Saved entries
§ §

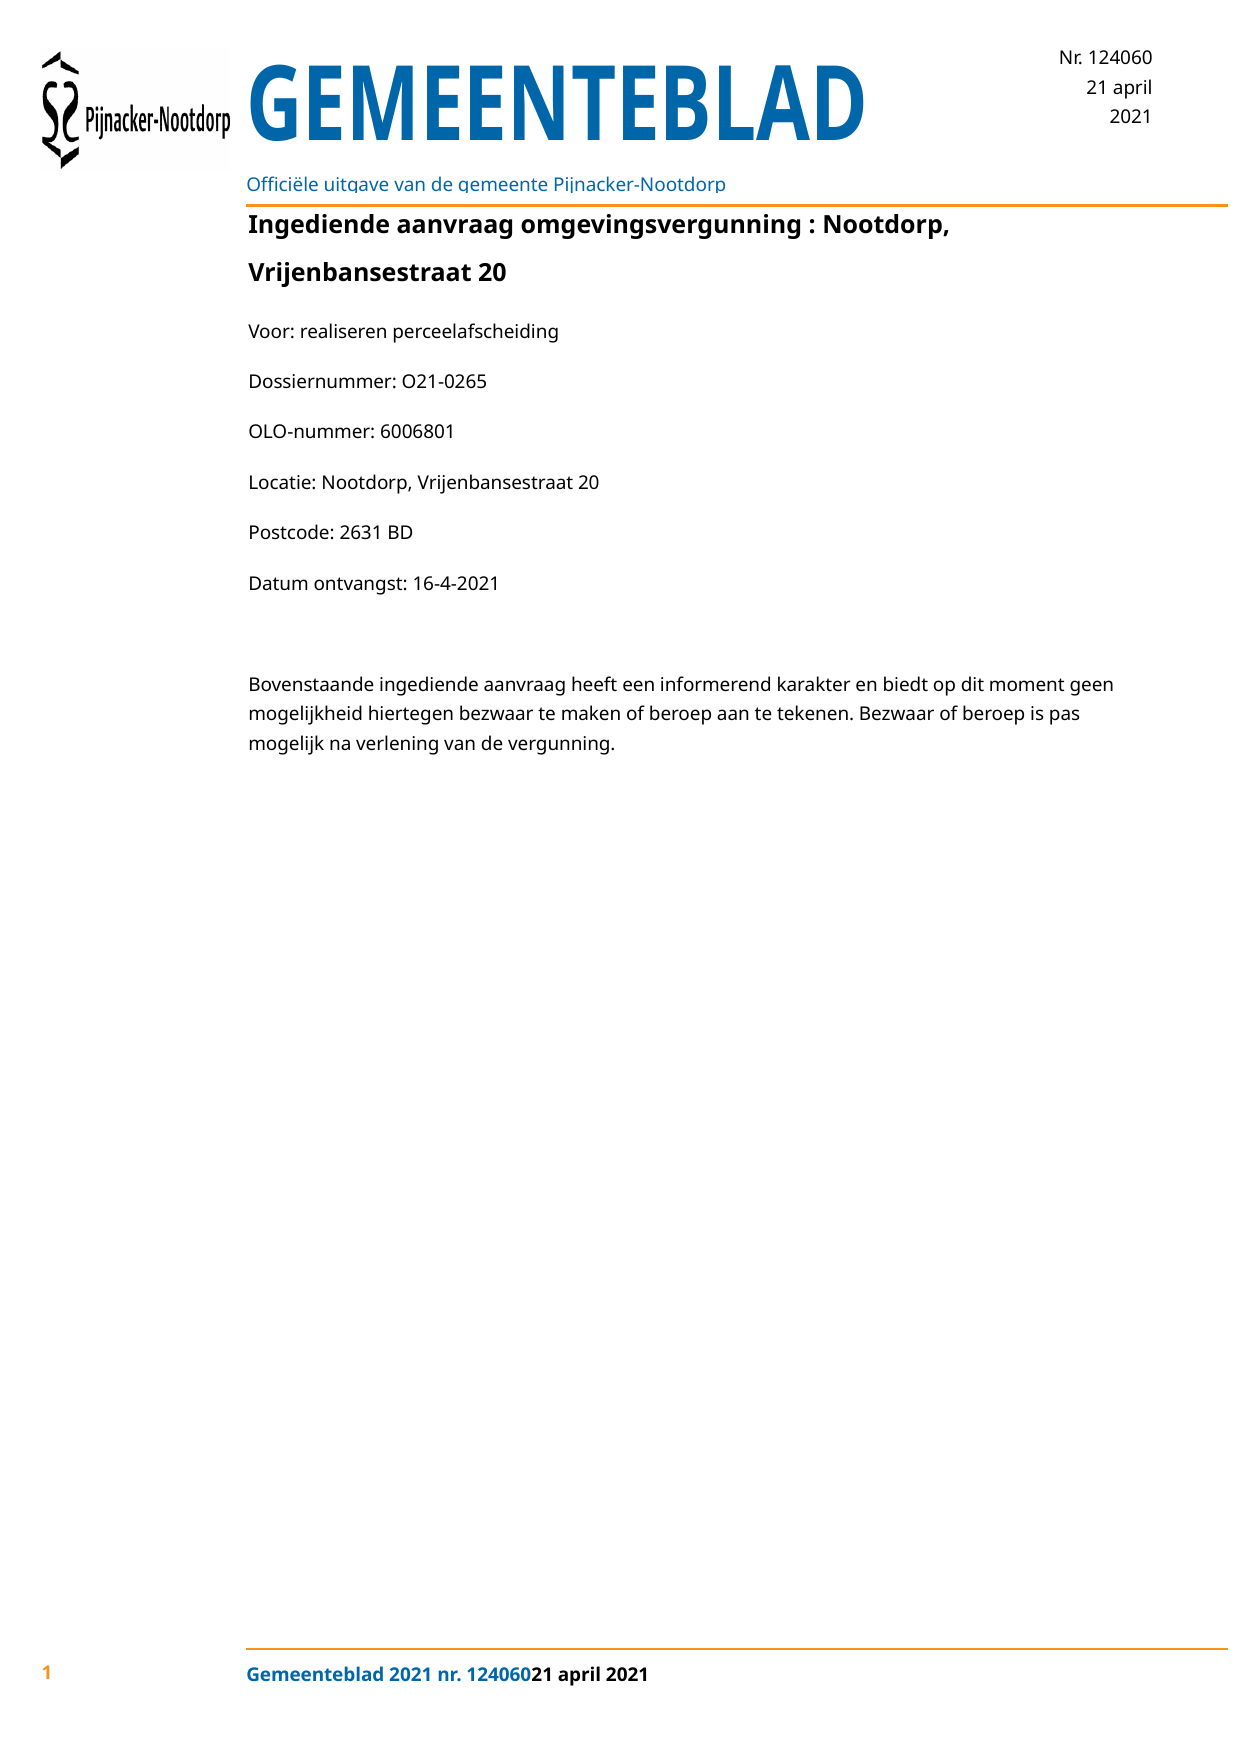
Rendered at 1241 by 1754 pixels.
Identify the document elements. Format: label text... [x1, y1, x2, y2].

text OLO-nummer: 6006801 [248, 419, 1152, 444]
text Datum ontvangst: 16-4-2021 [248, 570, 1152, 596]
text Bovenstaande ingediende aanvraag heeft een informerend karakter en biedt op dit moment geen mogelijkheid hiertegen bezwaar te maken of beroep aan te tekenen. Bezwaar of beroep is pas mogelijk na verlening van de vergunning. [248, 671, 1152, 756]
text Ingediende aanvraag omgevingsvergunning : Nootdorp, Vrijenbansestraat 20 [248, 207, 1152, 288]
text Postcode: 2631 BD [248, 519, 1152, 545]
text Dossiernummer: O21-0265 [248, 368, 1152, 394]
text Voor: realiseren perceelafscheiding [248, 318, 1152, 344]
text Locatie: Nootdorp, Vrijenbansestraat 20 [248, 469, 1152, 495]
picture [41, 47, 231, 172]

§ §

== Exercise goal ==
All of the entries above are to be restated word for word, minus the images.

== Task result ==
Rendered at 1241 by 1754 pixels.
Identify the document elements. Format: label text... [x1, y1, x2, y2].

text OLO-nummer: 6006801 [248, 419, 1152, 444]
text Datum ontvangst: 16-4-2021 [248, 570, 1152, 596]
text Bovenstaande ingediende aanvraag heeft een informerend karakter en biedt op dit moment geen mogelijkheid hiertegen bezwaar te maken of beroep aan te tekenen. Bezwaar of beroep is pas mogelijk na verlening van de vergunning. [248, 671, 1152, 756]
text Ingediende aanvraag omgevingsvergunning : Nootdorp, Vrijenbansestraat 20 [248, 207, 1152, 288]
text Postcode: 2631 BD [248, 519, 1152, 545]
text Dossiernummer: O21-0265 [248, 368, 1152, 394]
text Voor: realiseren perceelafscheiding [248, 318, 1152, 344]
text Locatie: Nootdorp, Vrijenbansestraat 20 [248, 469, 1152, 495]
picture [41, 47, 231, 172]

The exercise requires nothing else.